Source Reference: app.py:97-102

File Processing Details

Text Extraction

RAG Chat uses PyPDFLoader from LangChain to extract text:

from langchain_community.document_loaders import PyPDFLoader

loader = PyPDFLoader(temp_file_path)
docs = loader.load()

How It Works:

Uploads are saved to temporary files with .pdf suffix
PyPDFLoader extracts text from all pages
Text is returned as LangChain Document objects
Temporary files are deleted after processing

Document Chunking

Extracted text is split into manageable chunks for embedding:

chunk_size

int

default:"1000"

Maximum number of characters per chunk.

chunk_overlap

int

default:"400"

Number of overlapping characters between consecutive chunks (40% overlap).

Why Chunking Matters:

Embedding Limits: OpenAI embeddings work best with smaller text segments
Context Preservation: 40% overlap ensures continuity across chunks
Retrieval Accuracy: Smaller chunks improve semantic search precision

Configuration:

text_splitter = RecursiveCharacterTextSplitter(
    chunk_size=1000,
    chunk_overlap=400
)
chunks = text_splitter.split_documents(docs)

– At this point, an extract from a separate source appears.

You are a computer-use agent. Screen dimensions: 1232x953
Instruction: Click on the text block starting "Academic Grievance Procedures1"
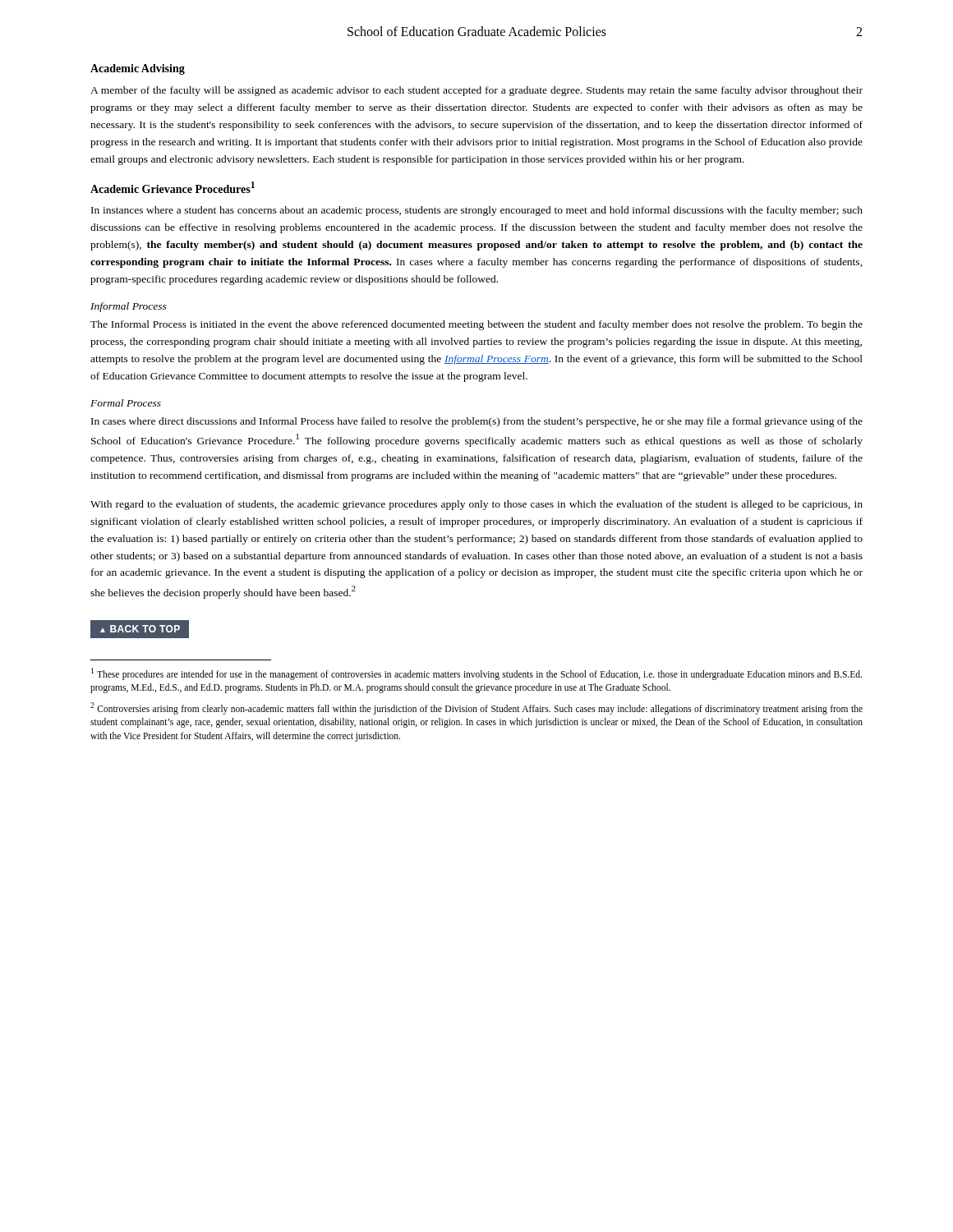[x=173, y=187]

Source Reference: app.py:33-37

File Limitations

Format Restrictions

Only PDF files are currently supported. Other formats will be rejected by the file uploader.

Unsupported Formats:

Word documents (.doc, .docx)
Plain text files (.txt)
Markdown files (.md)
HTML files (.html)
Images (.jpg, .png)
Spreadsheets (.xls, .xlsx, .csv)

PDF Type Limitations

Scanned PDFs / Image-Based PDFs

Problem: PDFs that are scanned images without embedded text will not work properly.Why: PyPDFLoader extracts text layers, not images. Scanned documents appear as blank pages.Solution: Use OCR (Optical Character Recognition) to convert scanned PDFs to text-searchable PDFs first, or use a different document loader that includes OCR capabilities.

Password-Protected PDFs

Problem: Encrypted or password-protected PDFs cannot be processed.Why: PyPDFLoader cannot access encrypted content without decryption.Solution: Remove password protection before uploading, or implement password handling in the application.

PDFs with Complex Layouts

Problem: PDFs with tables, multi-column layouts, or heavy formatting may extract poorly.Why: PyPDFLoader extracts text in reading order, which may not match visual layout.Solution:

Pre-process PDFs to simplify layout
Use specialized loaders for structured data
Verify extraction quality with test uploads

Very Large PDFs

Problem: Extremely large files (100+ pages, 50+ MB) may cause performance issues.Why:

Large files take longer to process
Generate many chunks, increasing embedding costs
May exceed memory limits in constrained environments

Solution:

Split large documents into smaller sections
Process documents in batches
Monitor OpenAI API costs for large uploads

Best Practices for Source Documents

Ideal Document Characteristics

Text-Based PDFs

Documents with selectable text, not scanned images

Clear Structure

Well-organized content with headings and paragraphs

Reasonable Size

5-50 pages per document for optimal performance

Relevant Content

Documents focused on topics you want to query

Document Quality Tips

Verify Text Extraction

Test document quality by trying to copy/paste text from your PDF. If you can select and copy text, it will likely work well.

Remove Unnecessary Pages

Delete cover pages, tables of contents, and appendices that don’t contain relevant information. This reduces processing time and costs.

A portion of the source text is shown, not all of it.